Frango xadrez com cogumelo e broto de bambu, arroz chop suey e, com sorte, banana caramelada de sobremesa.
Da primeira vez que comi, torci o nariz. Gostei foi do capuccino servido depois do jantar. Uma mágica um pozinho que, com um pouco de água quente, virava um café com pinta de chocolate. Voltei mais uma vez, interessada no capuccino, e foi então que o sabor da China me pegou de vez – e é esta a China que quero guardar comigo.
Talvez tenha sido assim também com o meu pai. Obrigado a comer de tudo quando criança, ele cresceu revidando: virou um adulto chato pra comer. Tradicional, passou a jantar no chinês quase toda semana, variando entre dois ou três pratos num cardápio com mais de 150 itens. (Aprimorei a espécie: escolho sempre um mesmo determinado prato em cada restaurante que costumo frequentar.)

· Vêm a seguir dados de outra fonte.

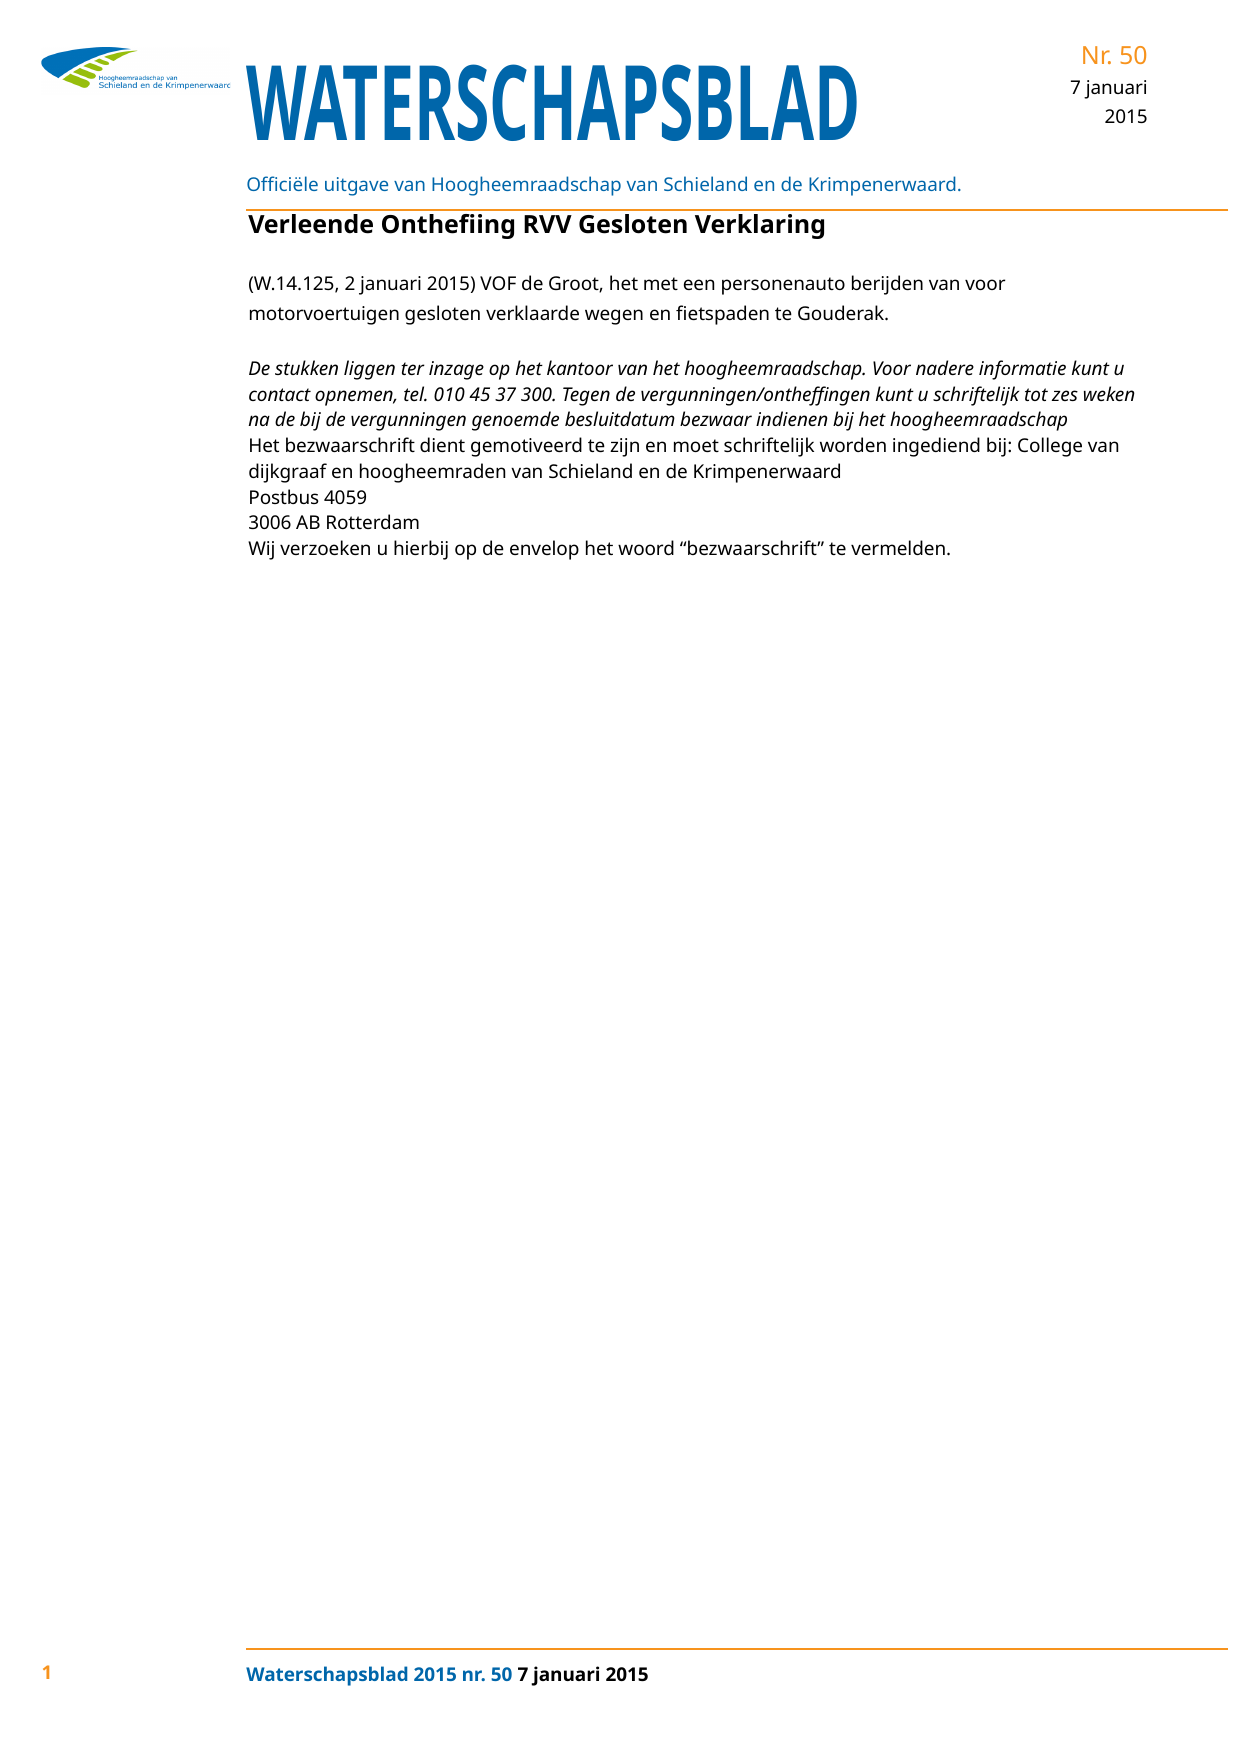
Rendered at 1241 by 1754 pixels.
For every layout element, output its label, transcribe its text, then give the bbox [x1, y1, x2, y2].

text Verleende Onthefiing RVV Gesloten Verklaring [248, 211, 1152, 241]
picture [41, 47, 231, 95]
text 3006 AB Rotterdam [248, 509, 1152, 535]
text Wij verzoeken u hierbij op de envelop het woord “bezwaarschrift” te vermelden. [248, 535, 1152, 561]
text Postbus 4059 [248, 484, 1152, 509]
text (W.14.125, 2 januari 2015) VOF de Groot, het met een personenauto berijden van voor motorvoertuigen gesloten verklaarde wegen en fietspaden te Gouderak. [248, 270, 1152, 326]
text De stukken liggen ter inzage op het kantoor van het hoogheemraadschap. Voor nadere informatie kunt u contact opnemen, tel. 010 45 37 300. Tegen de vergunningen/ontheffingen kunt u schriftelijk tot zes weken na de bij de vergunningen genoemde besluitdatum bezwaar indienen bij het hoogheemraadschap [248, 355, 1152, 432]
text Het bezwaarschrift dient gemotiveerd te zijn en moet schriftelijk worden ingediend bij: College van dijkgraaf en hoogheemraden van Schieland en de Krimpenerwaard [248, 432, 1152, 484]
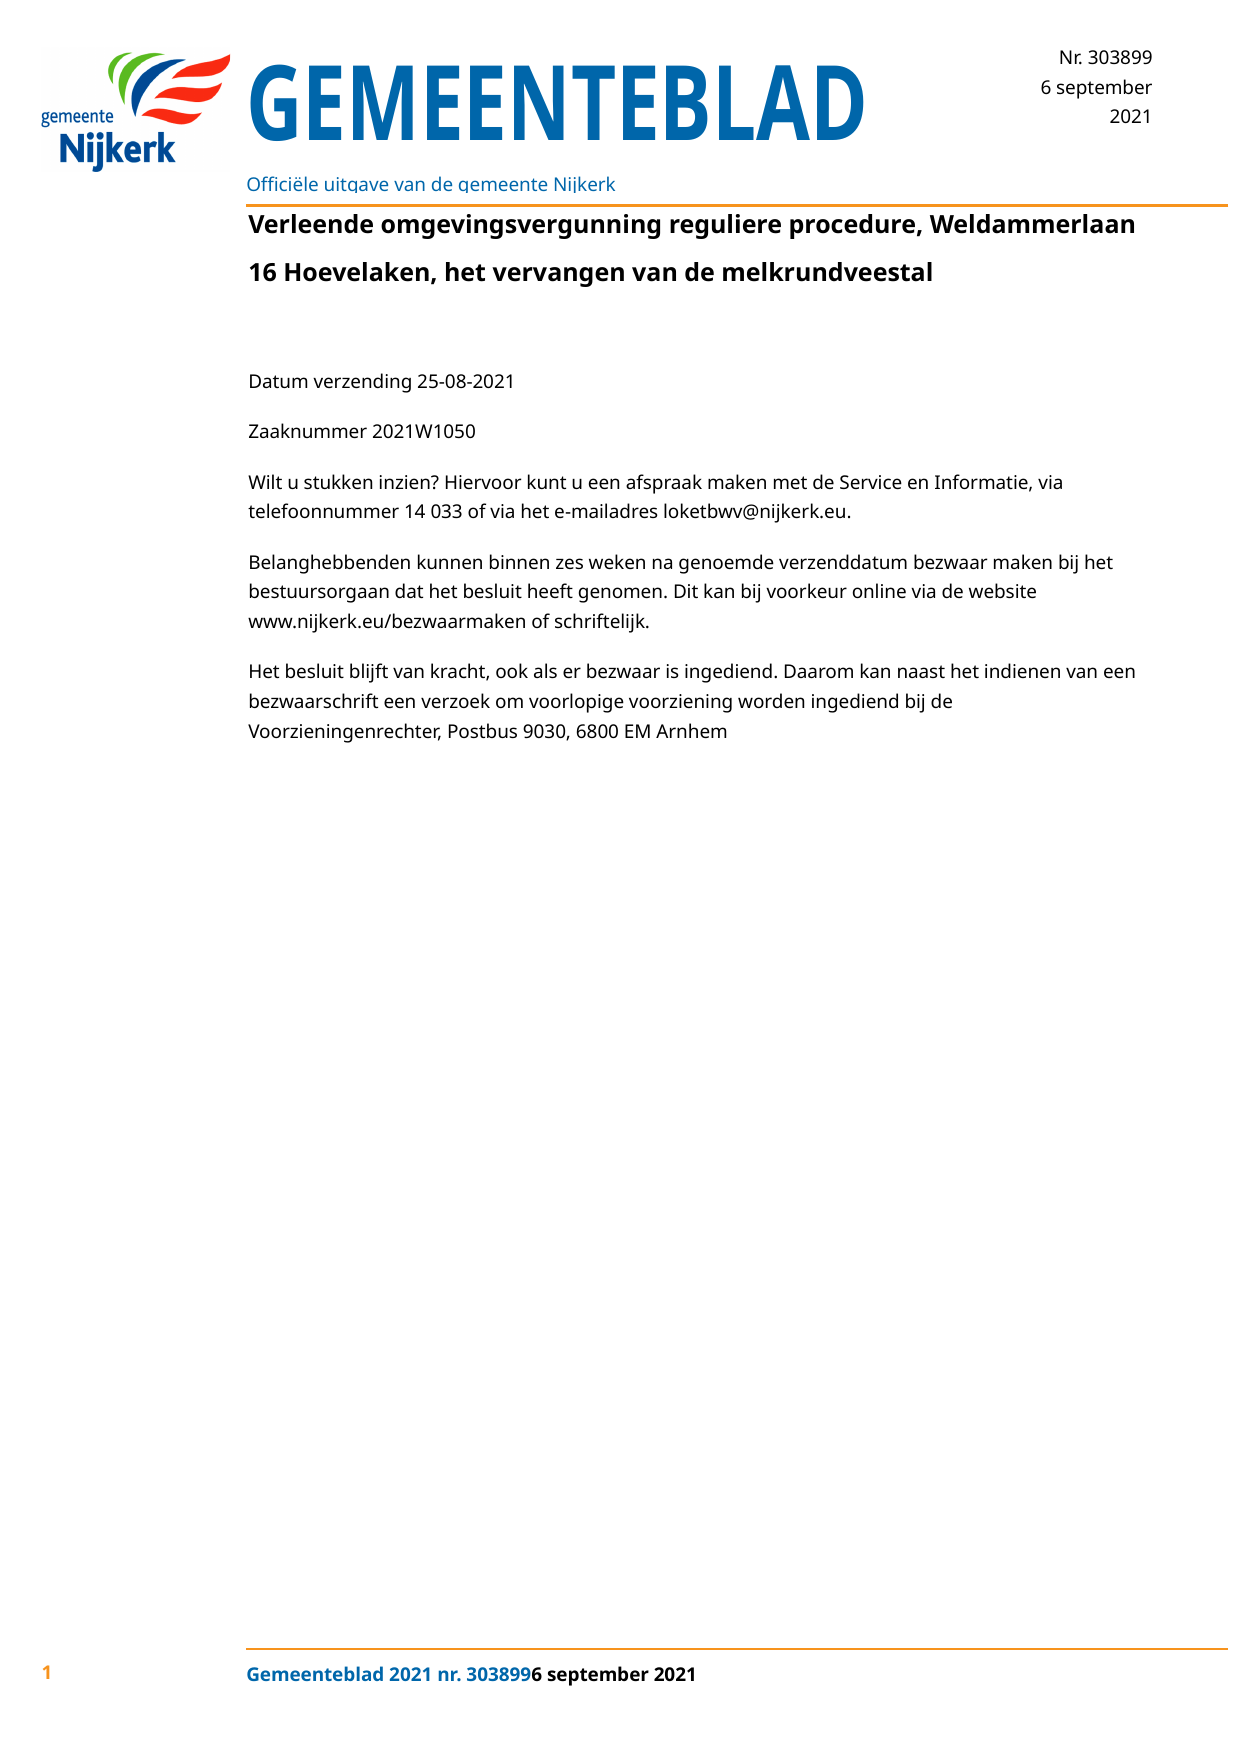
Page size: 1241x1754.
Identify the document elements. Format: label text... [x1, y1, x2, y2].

text Zaaknummer 2021W1050 [248, 419, 1152, 444]
text Datum verzending 25-08-2021 [248, 368, 1152, 394]
text Wilt u stukken inzien? Hiervoor kunt u een afspraak maken met de Service en Informatie, via telefoonnummer 14 033 of via het e-mailadres loketbwv@nijkerk.eu. [248, 469, 1152, 524]
text Het besluit blijft van kracht, ook als er bezwaar is ingediend. Daarom kan naast het indienen van een bezwaarschrift een verzoek om voorlopige voorziening worden ingediend bij de Voorzieningenrechter, Postbus 9030, 6800 EM Arnhem [248, 659, 1152, 744]
picture [41, 47, 231, 172]
text Belanghebbenden kunnen binnen zes weken na genoemde verzenddatum bezwaar maken bij het bestuursorgaan dat het besluit heeft genomen. Dit kan bij voorkeur online via de website www.nijkerk.eu/bezwaarmaken of schriftelijk. [248, 549, 1152, 634]
text Verleende omgevingsvergunning reguliere procedure, Weldammerlaan 16 Hoevelaken, het vervangen van de melkrundveestal [248, 207, 1152, 288]
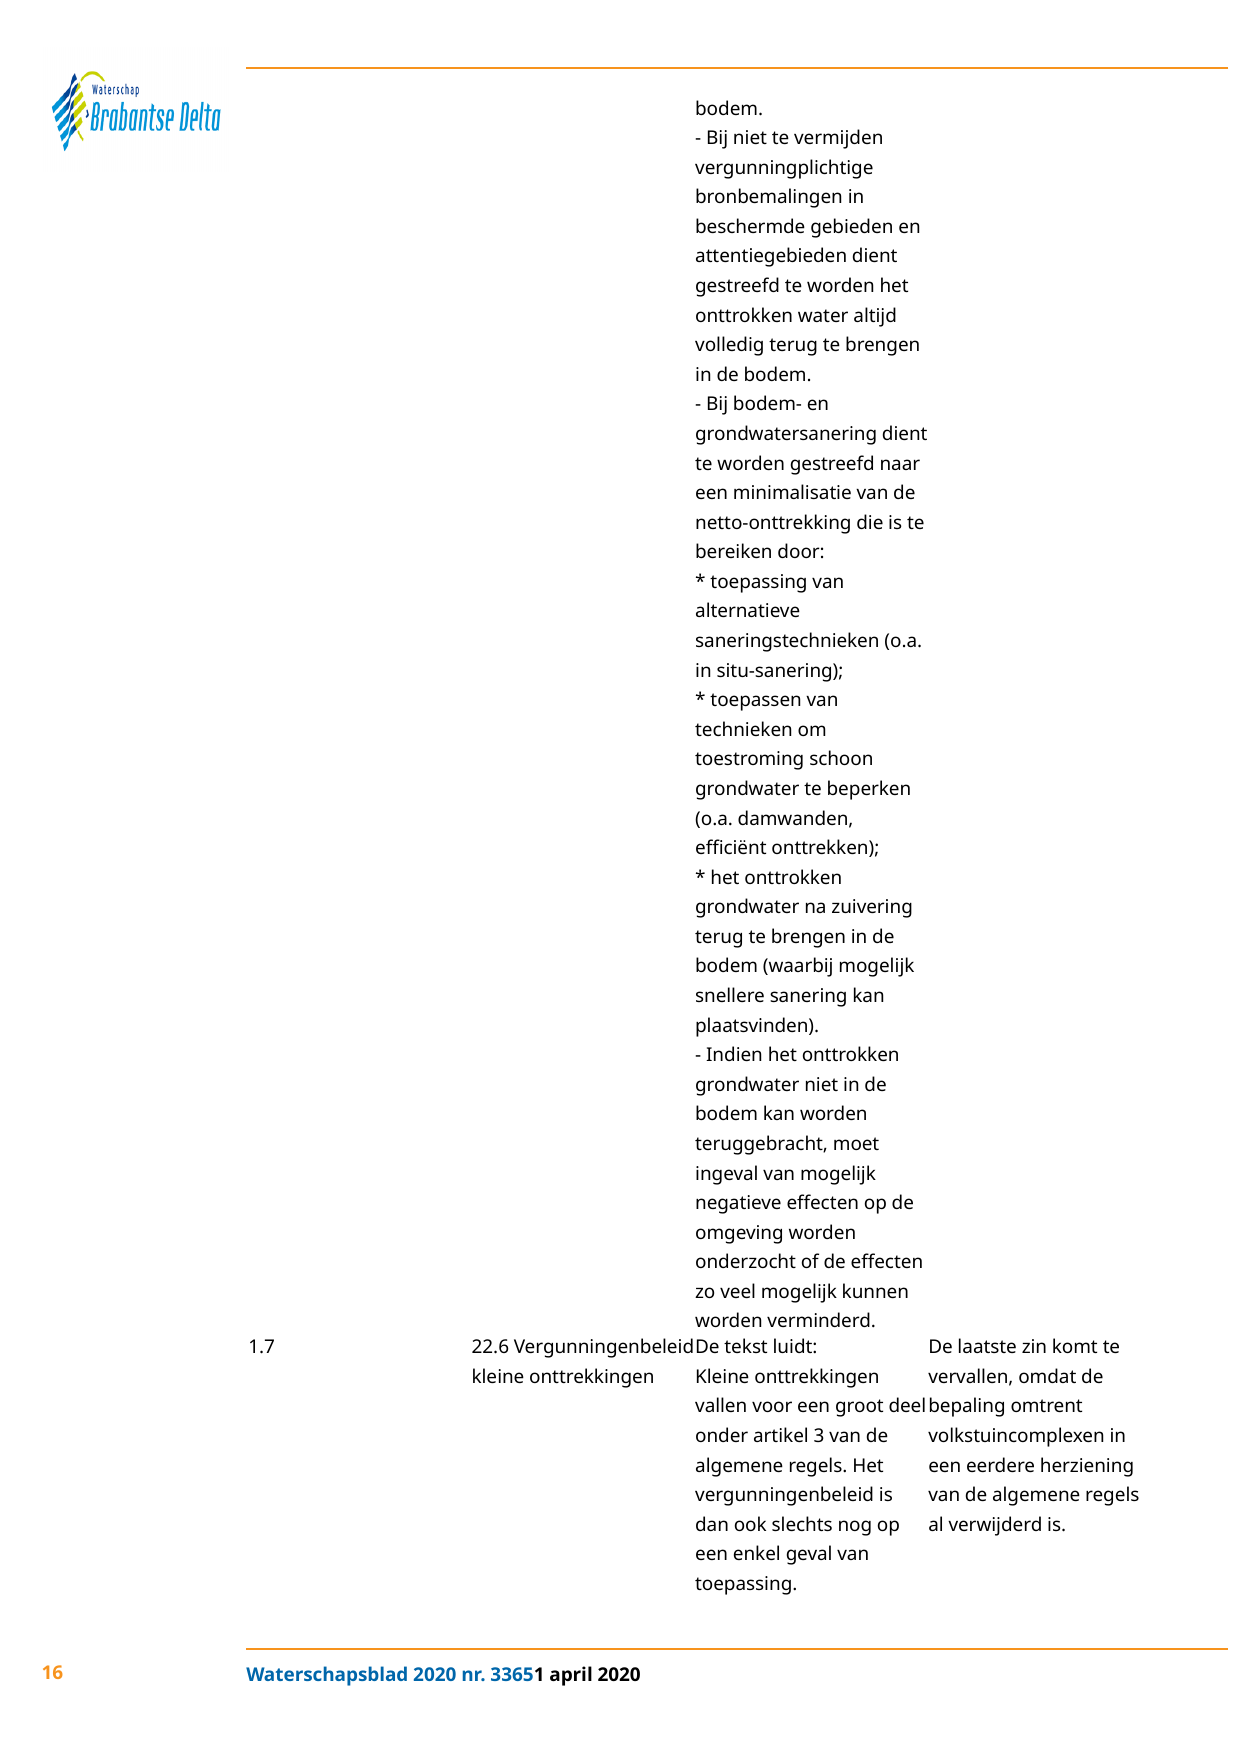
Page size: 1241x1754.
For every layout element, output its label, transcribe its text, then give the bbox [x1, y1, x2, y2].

Lembro das vezes em que fui sua única convidada, coisa rara numa família de sete pessoas.
Sim, era este o meu conceito de luxo. Hoje, ao lado dos fast food, pizzas, e outros restaurantes que foram surgindo na vizinhança, o prato chinês soa pobre e trivial. Não sonho mais com ele, e sim com o cavalheiro que me conduzia ao restaurante, charmoso e enigmático, embora cheio de manias. Faz mais de 10 anos que ele não me faz convites para jantar.
Voltar ao Yun Ton é possível. Voltar no tempo, não. Dos meus pais, sobraram centenas de fotos esmaecidas. E a criança que se sentava àquela mesa já passou dos 40. Mas continua apreciando aquele sabor que não se altera – ou que talvez melhore com o tempo, enfeitado pelo afeto e saudade de uma época em que nada era assim tão fácil.
Era festa viajar de avião, ficar no Grande Hotel, nadar em piscina aquecida, patinar no gelo. Coca-cola era coisa de almoço de domingo (e eu me pergunto como é que aquela garrafa de vidro de um litro dava para a família toda). Álbuns de fotos 10 por 15 eram privilégios de aniversários, viagens e formaturas. Premiados com 36 fotos, só os novos bebês na família.
E essas lembranças de pequenas e fúteis faltas me preenchem de histórias ricas para levar vida adiante.
Com esse raciocínio recheado de buracos, me vem um pensamento espesso: e aqueles, a quem nada faltou? Do que é feita a vida de quem já nasceu com o álbum de figurinhas completo?
Um silêncio como resposta.
É um privilégio ter problemas a resolver, relações a aprimorar, processos para entender. Sinal de vida longa ter dezenas de sonhos ainda por realizar.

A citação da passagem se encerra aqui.